Anaplasmosis, a zoonotic tick-borne pathogen affecting both livestock, companion animals, and humans, exhibits 15 to 18% seropositivity among hunting dogs in Korea. The dominant tick species in Korea, Haemaphysalis longicornis can transmit this pathogen to both humans and animals. Given the limited understanding of transovarial transmission of Anaplasma spp., our study aimed to assess the prevalence of questing larval ticks containing Anaplasma DNA. Additionally, we aimed to gather data for establishing a nationwide forecasting and alert system on seasonal variation of tick developmental stages and tick-borne zoonotic pathogens.

Methods:

From March to October 2021 and again from March to October 2022, we collected a total of 36,912 unfed, questing ticks of Haemaphysalis spp. from 149 sites in Korea. Ticks were collected from herbaceous vegetation using the flagging method using a white flannel cloth. After species identification, one third of collected ticks underwent analysis for Anaplasma gene. Nymph ticks were pooled in groups of one to 10, larvae in groups of one to 50, while adults were examined individually. Nested PCR was performed to detect the genus Anaplasma by amplifying the 16S rRNA gene, followed by sequencing for species identification and phylogenetic analysis.

Results:

Of the 36,912 questing ticks collected, 13,082 (35.4%) were identified as nymphs and adults of H. longicornis and 3,850 (10.4%) as those of H. flava. The morphologically indistinguishable larval stage of Haemaphysalis predominated, with 19,980 (54.1%) collected primarily from July to October. From the 939 tick pools, 24 pools (2.6%) tested positive for Anaplasma, with the larval stage exhibiting the highest number of positive pools (16, 1.7%). Phylogenetic analysis revealed that 21 of the 24 Anaplasma-positive pools contained A. phagocytophilum-specific genes, while the remaining 1 was identified as Anaplasma sp. and 2 as A. bovis.

Conclusions:

Our study provides evidence of transovarial transmission of Anaplasma phagocytophilum in Haemaphysalis spp. larvae under field conditions, as A. phagocytophilum originates from their mother ticks in unengorged questing larval ticks. Additionally, our findings contribute significant data for establishing a nationwide forecasting and alert system on seasonal variation of tick developmental stages and tick-borne zoonotic pathogens.

Haemaphysalis longicornis

Anaplasma phagocytophilum

transovarial transmission

larvae

epidemiology

tick-borne diseases

The longhorned bush tick, Haemaphysalis longicornis, is native to eastern Asian countries, including Korea, Japan, and China. It has also established populations in Australia, New Zealand, several Pacific islands, and recently in the eastern United States [1]. Haemaphysalis longicornis is the predominant tick species found in both wild and domestic animals, as well as in humans in Korea, followed by H. flava [2, 3, 4, 5]. These two tick species are known to host and transmit a variety of pathogens, including Anaplasma phagocytophilum, A. bovis, A. platys, Ehrlichia chaffeensis, Francisella tularensis, Bartonella henselae, B. quintana, Rickettsia japonica, R. rickettsii, Tick-borne Encephalitis Virus, Severe Fever with Thrombocytopenia Syndrome Virus (SFTSV), and a number of Babesia and Theileria species in Korea [6, 7].

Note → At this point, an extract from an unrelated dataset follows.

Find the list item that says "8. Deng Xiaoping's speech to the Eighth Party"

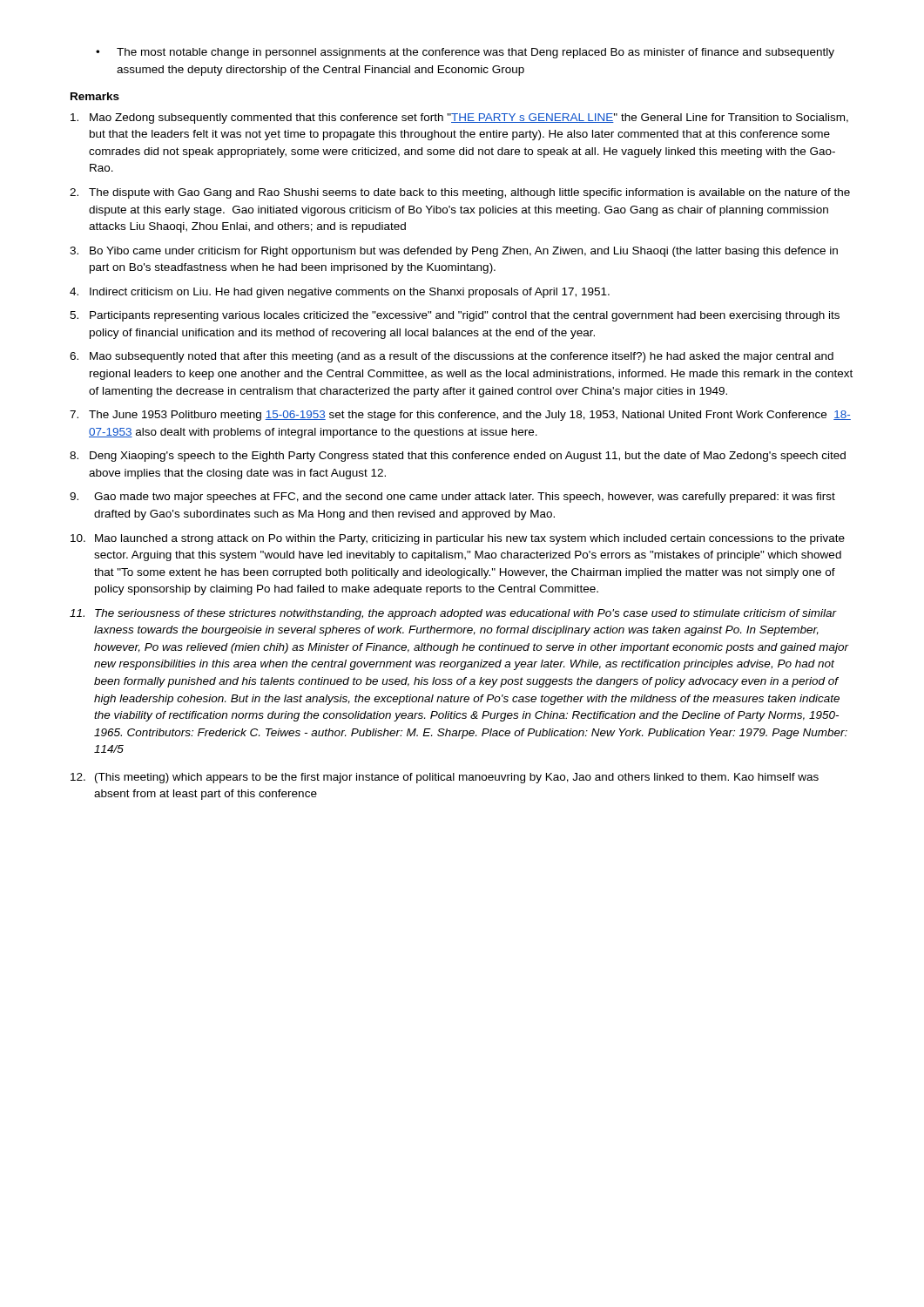pyautogui.click(x=462, y=464)

Among tick-borne pathogens, A. phagocytophilum is a particularly significant zoonotic pathogen, which infects granulocytic white blood cells in mammalian hosts and causes human granulocytic anaplasmosis [6]. A serological survey indicates that 15.6–18.8% of outdoor dogs are exposed to this pathogen in Korea [8, 9]. Anaplasma phagocytophilum causes an acute febrile illness in dogs, characterized by lethargy and inappetence [10]. Less frequent signs in dogs include lameness, coughing, polydipsia, intermittent vomiting, and hemorrhages. Pathogens such as A. phagocytophilum in unfed larval ticks are inherited from their female mother tick through the transovarial route in Ixodes ricinus [11]. The larval stage of Haemaphysalis spp. measures only 0.58–0.62 mm in length and 0.47–0.51 mm in breadth [12], and they quest in large numbers near their hatching sites. Consequently, infestations with larval ticks often go unnoticed, while simultaneously exposing hosts to a variety of tick-borne pathogens.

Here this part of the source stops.